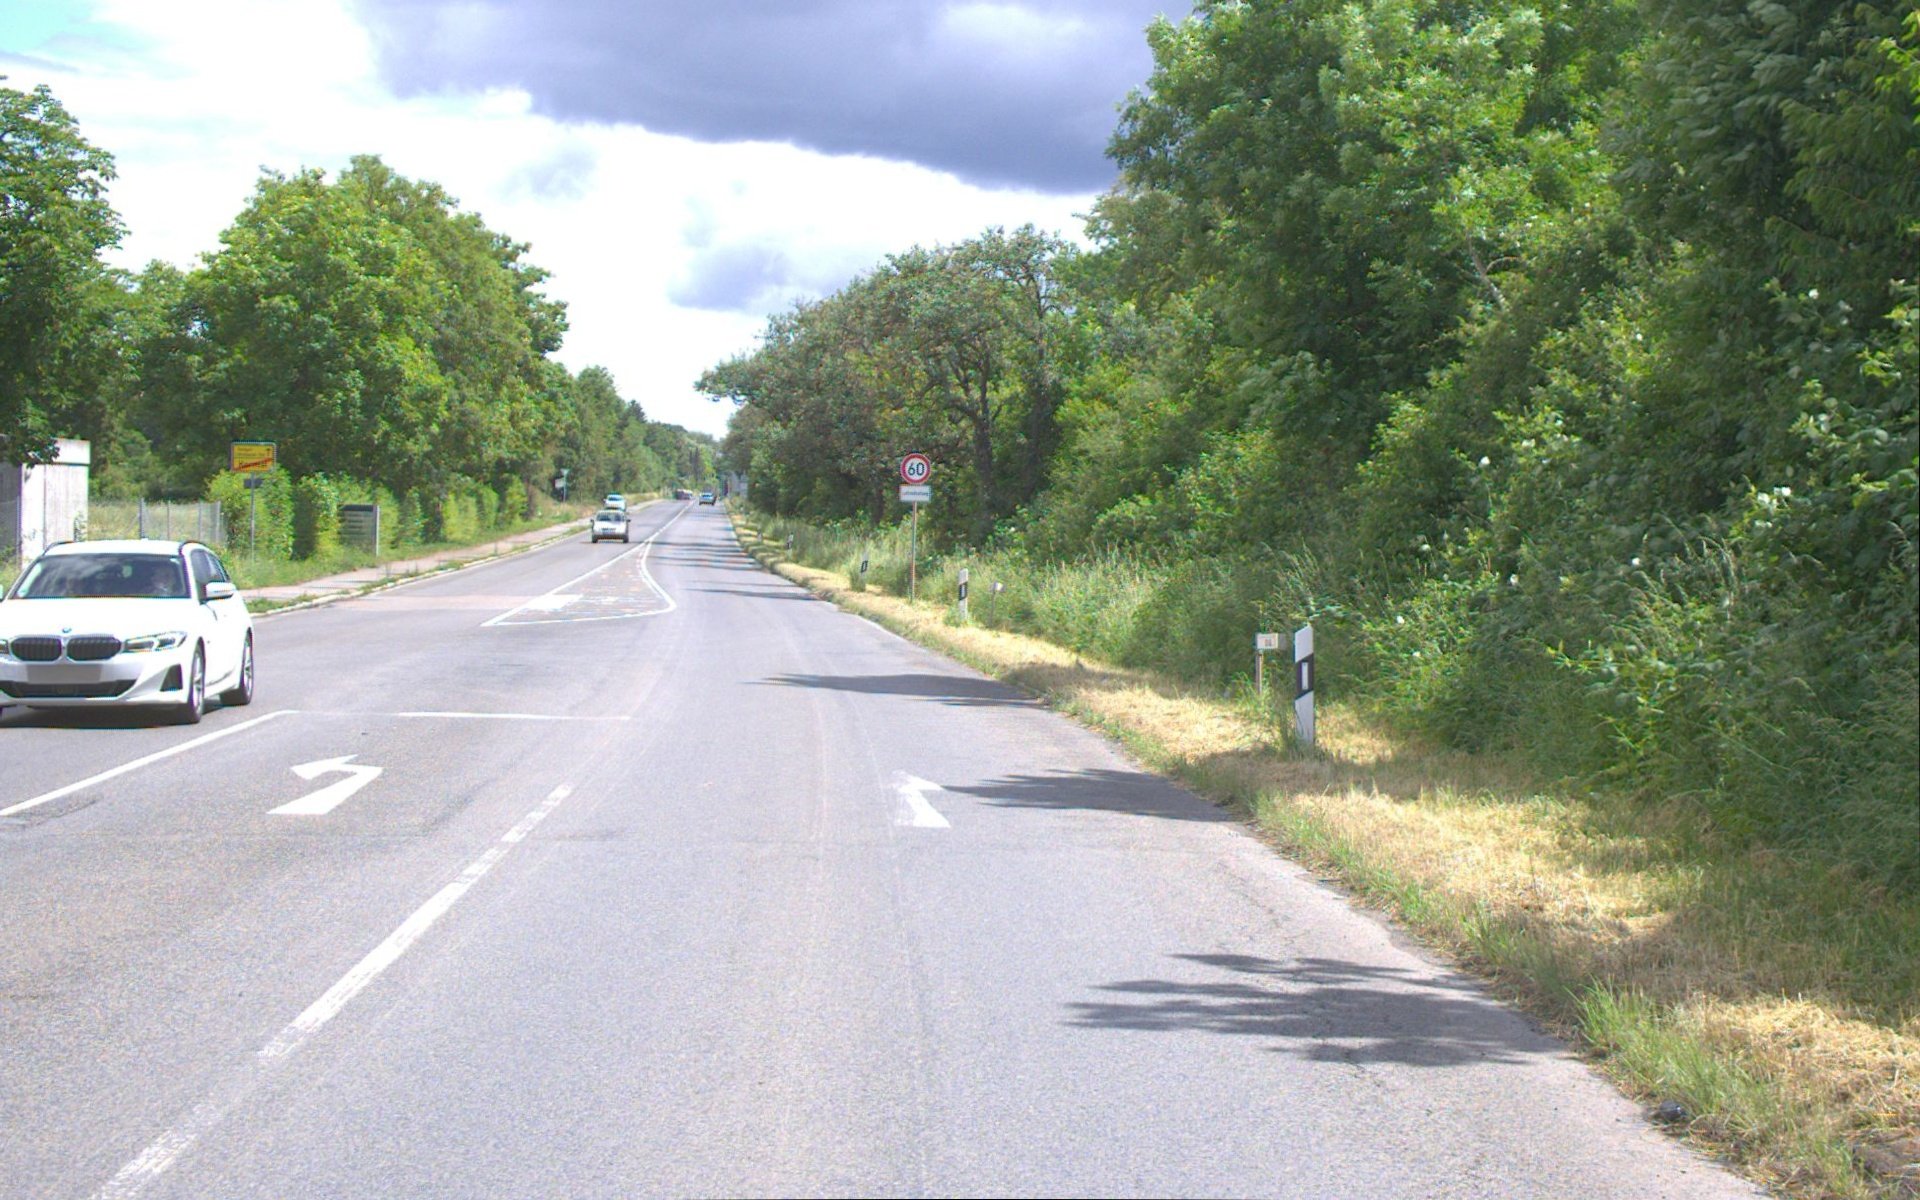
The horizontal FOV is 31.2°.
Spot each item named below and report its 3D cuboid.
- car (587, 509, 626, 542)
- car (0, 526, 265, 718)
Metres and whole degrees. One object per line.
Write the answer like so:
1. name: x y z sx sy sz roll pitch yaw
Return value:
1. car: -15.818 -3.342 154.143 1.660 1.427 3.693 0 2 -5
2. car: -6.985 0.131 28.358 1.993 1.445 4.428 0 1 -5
--------
### What you are asked to do
Give back the records word for word, without their pictures.

### Your response
The horizontal FOV is 31.2°.
Spot each item named below and report its 3D cuboid.
- car (587, 509, 626, 542)
- car (0, 526, 265, 718)
Metres and whole degrees. One object per line.
Write the answer like so:
1. name: x y z sx sy sz roll pitch yaw
Return value:
1. car: -15.818 -3.342 154.143 1.660 1.427 3.693 0 2 -5
2. car: -6.985 0.131 28.358 1.993 1.445 4.428 0 1 -5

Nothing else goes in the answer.